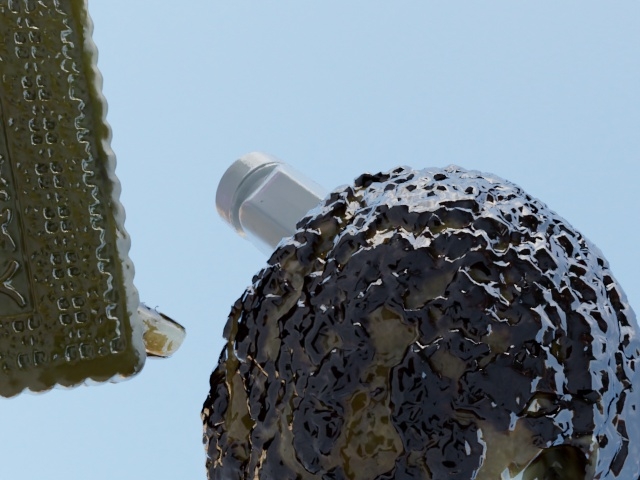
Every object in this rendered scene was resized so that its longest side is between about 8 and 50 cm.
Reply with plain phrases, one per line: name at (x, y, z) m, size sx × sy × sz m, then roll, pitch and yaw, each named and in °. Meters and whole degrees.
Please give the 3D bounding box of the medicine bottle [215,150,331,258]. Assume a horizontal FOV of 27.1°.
medicine bottle at (0.000, 0.000, 1.542) m, size 0.111 × 0.161 × 0.296 m, roll -48°, pitch -135°, yaw -9°

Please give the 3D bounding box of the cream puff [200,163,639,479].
cream puff at (0.039, 0.081, 0.638) m, size 0.239 × 0.165 × 0.239 m, roll -20°, pitch -113°, yaw 61°

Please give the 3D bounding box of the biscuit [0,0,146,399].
biscuit at (-0.196, -0.035, 0.758) m, size 0.029 × 0.172 × 0.254 m, roll -29°, pitch -110°, yaw 62°

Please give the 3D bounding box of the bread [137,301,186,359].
bread at (-0.191, 0.084, 1.325) m, size 0.072 × 0.106 × 0.053 m, roll -1°, pitch -113°, yaw 50°

☆ ☆ ☆ ☆

▶ _What to work on_:
The lines wanted are those from the one holding "Please give the 3D bounding box of the medicine" through the final line of the listing; print them exactly.

▶ _Output below_:
Please give the 3D bounding box of the medicine bottle [215,150,331,258]. Assume a horizontal FOV of 27.1°.
medicine bottle at (0.000, 0.000, 1.542) m, size 0.111 × 0.161 × 0.296 m, roll -48°, pitch -135°, yaw -9°

Please give the 3D bounding box of the cream puff [200,163,639,479].
cream puff at (0.039, 0.081, 0.638) m, size 0.239 × 0.165 × 0.239 m, roll -20°, pitch -113°, yaw 61°

Please give the 3D bounding box of the biscuit [0,0,146,399].
biscuit at (-0.196, -0.035, 0.758) m, size 0.029 × 0.172 × 0.254 m, roll -29°, pitch -110°, yaw 62°

Please give the 3D bounding box of the bread [137,301,186,359].
bread at (-0.191, 0.084, 1.325) m, size 0.072 × 0.106 × 0.053 m, roll -1°, pitch -113°, yaw 50°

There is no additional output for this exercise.